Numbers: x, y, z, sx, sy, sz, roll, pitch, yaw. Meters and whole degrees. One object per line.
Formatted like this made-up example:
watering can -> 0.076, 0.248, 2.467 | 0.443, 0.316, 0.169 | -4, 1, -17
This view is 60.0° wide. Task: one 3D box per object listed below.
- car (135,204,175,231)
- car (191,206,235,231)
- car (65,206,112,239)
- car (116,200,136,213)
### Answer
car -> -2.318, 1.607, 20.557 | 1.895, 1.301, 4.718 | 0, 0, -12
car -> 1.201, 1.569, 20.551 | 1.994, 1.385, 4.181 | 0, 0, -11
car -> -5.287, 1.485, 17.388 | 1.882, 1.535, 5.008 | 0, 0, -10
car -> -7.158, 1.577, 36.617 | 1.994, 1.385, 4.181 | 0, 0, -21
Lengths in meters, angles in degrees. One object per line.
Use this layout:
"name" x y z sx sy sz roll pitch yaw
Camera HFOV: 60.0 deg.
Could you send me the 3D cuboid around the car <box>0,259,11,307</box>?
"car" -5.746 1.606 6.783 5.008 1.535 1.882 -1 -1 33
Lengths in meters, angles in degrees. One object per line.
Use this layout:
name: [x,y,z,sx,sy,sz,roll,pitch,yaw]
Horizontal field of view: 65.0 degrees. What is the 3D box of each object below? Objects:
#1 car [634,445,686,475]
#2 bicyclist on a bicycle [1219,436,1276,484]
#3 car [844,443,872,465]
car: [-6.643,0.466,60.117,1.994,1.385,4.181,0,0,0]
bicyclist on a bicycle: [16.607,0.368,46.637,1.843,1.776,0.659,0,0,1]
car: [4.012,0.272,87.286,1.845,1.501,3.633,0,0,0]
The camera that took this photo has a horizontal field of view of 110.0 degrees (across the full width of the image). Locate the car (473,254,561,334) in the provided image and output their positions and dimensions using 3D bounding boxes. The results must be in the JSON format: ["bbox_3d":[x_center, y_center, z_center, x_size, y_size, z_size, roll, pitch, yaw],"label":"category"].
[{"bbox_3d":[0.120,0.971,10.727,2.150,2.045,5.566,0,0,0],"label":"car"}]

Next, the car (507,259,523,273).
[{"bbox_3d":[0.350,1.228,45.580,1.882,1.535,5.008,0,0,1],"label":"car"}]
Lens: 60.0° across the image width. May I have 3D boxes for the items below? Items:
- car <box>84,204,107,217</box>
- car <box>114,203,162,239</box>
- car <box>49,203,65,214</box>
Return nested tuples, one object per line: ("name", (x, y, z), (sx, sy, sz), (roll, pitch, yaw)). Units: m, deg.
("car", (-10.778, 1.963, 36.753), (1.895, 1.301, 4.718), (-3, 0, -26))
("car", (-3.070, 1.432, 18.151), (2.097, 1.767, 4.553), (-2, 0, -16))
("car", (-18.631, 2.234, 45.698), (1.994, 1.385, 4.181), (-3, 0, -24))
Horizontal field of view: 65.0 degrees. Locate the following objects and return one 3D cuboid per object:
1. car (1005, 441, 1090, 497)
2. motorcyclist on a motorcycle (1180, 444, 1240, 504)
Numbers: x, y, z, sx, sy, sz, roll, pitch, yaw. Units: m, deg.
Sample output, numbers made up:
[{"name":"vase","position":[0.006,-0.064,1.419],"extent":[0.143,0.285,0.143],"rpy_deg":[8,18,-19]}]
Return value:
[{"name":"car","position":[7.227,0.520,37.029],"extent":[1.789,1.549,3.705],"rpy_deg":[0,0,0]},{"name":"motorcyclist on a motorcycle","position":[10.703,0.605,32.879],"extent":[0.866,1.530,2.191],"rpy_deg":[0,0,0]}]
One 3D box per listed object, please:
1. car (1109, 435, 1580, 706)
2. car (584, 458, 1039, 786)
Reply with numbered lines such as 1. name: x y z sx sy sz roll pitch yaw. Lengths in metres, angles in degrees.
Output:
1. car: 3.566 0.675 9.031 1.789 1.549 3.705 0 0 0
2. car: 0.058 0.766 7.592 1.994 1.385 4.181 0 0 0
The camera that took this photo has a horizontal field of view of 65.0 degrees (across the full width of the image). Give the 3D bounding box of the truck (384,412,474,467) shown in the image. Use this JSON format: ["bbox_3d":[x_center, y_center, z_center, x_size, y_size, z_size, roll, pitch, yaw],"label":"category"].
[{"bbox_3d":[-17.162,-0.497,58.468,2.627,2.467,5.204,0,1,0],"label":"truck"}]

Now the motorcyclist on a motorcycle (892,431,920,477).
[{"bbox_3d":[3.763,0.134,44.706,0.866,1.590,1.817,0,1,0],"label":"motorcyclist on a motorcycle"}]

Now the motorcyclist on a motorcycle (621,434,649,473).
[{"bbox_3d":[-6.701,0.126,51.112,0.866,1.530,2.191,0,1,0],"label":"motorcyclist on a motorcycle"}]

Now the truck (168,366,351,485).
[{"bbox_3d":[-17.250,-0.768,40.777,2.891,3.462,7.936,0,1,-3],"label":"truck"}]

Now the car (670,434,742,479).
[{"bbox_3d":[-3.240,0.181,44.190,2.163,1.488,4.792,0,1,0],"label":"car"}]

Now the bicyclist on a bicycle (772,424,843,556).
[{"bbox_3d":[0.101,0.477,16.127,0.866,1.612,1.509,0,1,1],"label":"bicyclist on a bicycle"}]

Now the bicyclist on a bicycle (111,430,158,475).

[Assigned task]: Everything in the data above should be output exactly as it stands.

[Response]:
Numbers: x, y, z, sx, sy, sz, roll, pitch, yaw. Meters and whole degrees. One object per line.
Formatted like this made-up example:
watering can -> 0.076, 0.248, 2.467 | 0.443, 0.316, 0.169 | -4, 1, -17
This view is 60.0° wide. Task: one 3D box per object listed below.
- car (135,204,175,231)
- car (191,206,235,231)
- car (65,206,112,239)
- car (116,200,136,213)
### Answer
car -> -2.318, 1.607, 20.557 | 1.895, 1.301, 4.718 | 0, 0, -12
car -> 1.201, 1.569, 20.551 | 1.994, 1.385, 4.181 | 0, 0, -11
car -> -5.287, 1.485, 17.388 | 1.882, 1.535, 5.008 | 0, 0, -10
car -> -7.158, 1.577, 36.617 | 1.994, 1.385, 4.181 | 0, 0, -21
Lengths in meters, angles in degrees. One object per line.
Use this layout:
"name" x y z sx sy sz roll pitch yaw
Camera HFOV: 60.0 deg.
Could you send me the 3D cuboid around the car <box>0,259,11,307</box>?
"car" -5.746 1.606 6.783 5.008 1.535 1.882 -1 -1 33
Lengths in meters, angles in degrees. One object per line.
Use this layout:
name: [x,y,z,sx,sy,sz,roll,pitch,yaw]
Horizontal field of view: 65.0 degrees. What is the 3D box of each object below? Objects:
#1 car [634,445,686,475]
#2 bicyclist on a bicycle [1219,436,1276,484]
#3 car [844,443,872,465]
car: [-6.643,0.466,60.117,1.994,1.385,4.181,0,0,0]
bicyclist on a bicycle: [16.607,0.368,46.637,1.843,1.776,0.659,0,0,1]
car: [4.012,0.272,87.286,1.845,1.501,3.633,0,0,0]
The camera that took this photo has a horizontal field of view of 110.0 degrees (across the full width of the image). Locate the car (473,254,561,334) in the provided image and output their positions and dimensions using 3D bounding boxes. The results must be in the JSON format: ["bbox_3d":[x_center, y_center, z_center, x_size, y_size, z_size, roll, pitch, yaw],"label":"category"].
[{"bbox_3d":[0.120,0.971,10.727,2.150,2.045,5.566,0,0,0],"label":"car"}]

Next, the car (507,259,523,273).
[{"bbox_3d":[0.350,1.228,45.580,1.882,1.535,5.008,0,0,1],"label":"car"}]
Lens: 60.0° across the image width. May I have 3D boxes for the items below? Items:
- car <box>84,204,107,217</box>
- car <box>114,203,162,239</box>
- car <box>49,203,65,214</box>
Return nested tuples, one object per line: ("name", (x, y, z), (sx, sy, sz), (roll, pitch, yaw)). Units: m, deg.
("car", (-10.778, 1.963, 36.753), (1.895, 1.301, 4.718), (-3, 0, -26))
("car", (-3.070, 1.432, 18.151), (2.097, 1.767, 4.553), (-2, 0, -16))
("car", (-18.631, 2.234, 45.698), (1.994, 1.385, 4.181), (-3, 0, -24))
Horizontal field of view: 65.0 degrees. Locate the following objects and return one 3D cuboid per object:
1. car (1005, 441, 1090, 497)
2. motorcyclist on a motorcycle (1180, 444, 1240, 504)
Numbers: x, y, z, sx, sy, sz, roll, pitch, yaw. Units: m, deg.
Sample output, numbers made up:
[{"name":"vase","position":[0.006,-0.064,1.419],"extent":[0.143,0.285,0.143],"rpy_deg":[8,18,-19]}]
Return value:
[{"name":"car","position":[7.227,0.520,37.029],"extent":[1.789,1.549,3.705],"rpy_deg":[0,0,0]},{"name":"motorcyclist on a motorcycle","position":[10.703,0.605,32.879],"extent":[0.866,1.530,2.191],"rpy_deg":[0,0,0]}]
One 3D box per listed object, please:
1. car (1109, 435, 1580, 706)
2. car (584, 458, 1039, 786)
Reply with numbered lines such as 1. name: x y z sx sy sz roll pitch yaw. Lengths in metres, angles in degrees.
Output:
1. car: 3.566 0.675 9.031 1.789 1.549 3.705 0 0 0
2. car: 0.058 0.766 7.592 1.994 1.385 4.181 0 0 0
The camera that took this photo has a horizontal field of view of 65.0 degrees (across the full width of the image). Give the 3D bounding box of the truck (384,412,474,467) shown in the image. Use this JSON format: ["bbox_3d":[x_center, y_center, z_center, x_size, y_size, z_size, roll, pitch, yaw],"label":"category"].
[{"bbox_3d":[-17.162,-0.497,58.468,2.627,2.467,5.204,0,1,0],"label":"truck"}]

Now the motorcyclist on a motorcycle (892,431,920,477).
[{"bbox_3d":[3.763,0.134,44.706,0.866,1.590,1.817,0,1,0],"label":"motorcyclist on a motorcycle"}]

Now the motorcyclist on a motorcycle (621,434,649,473).
[{"bbox_3d":[-6.701,0.126,51.112,0.866,1.530,2.191,0,1,0],"label":"motorcyclist on a motorcycle"}]

Now the truck (168,366,351,485).
[{"bbox_3d":[-17.250,-0.768,40.777,2.891,3.462,7.936,0,1,-3],"label":"truck"}]

Now the car (670,434,742,479).
[{"bbox_3d":[-3.240,0.181,44.190,2.163,1.488,4.792,0,1,0],"label":"car"}]

Now the bicyclist on a bicycle (772,424,843,556).
[{"bbox_3d":[0.101,0.477,16.127,0.866,1.612,1.509,0,1,1],"label":"bicyclist on a bicycle"}]

Now the bicyclist on a bicycle (111,430,158,475).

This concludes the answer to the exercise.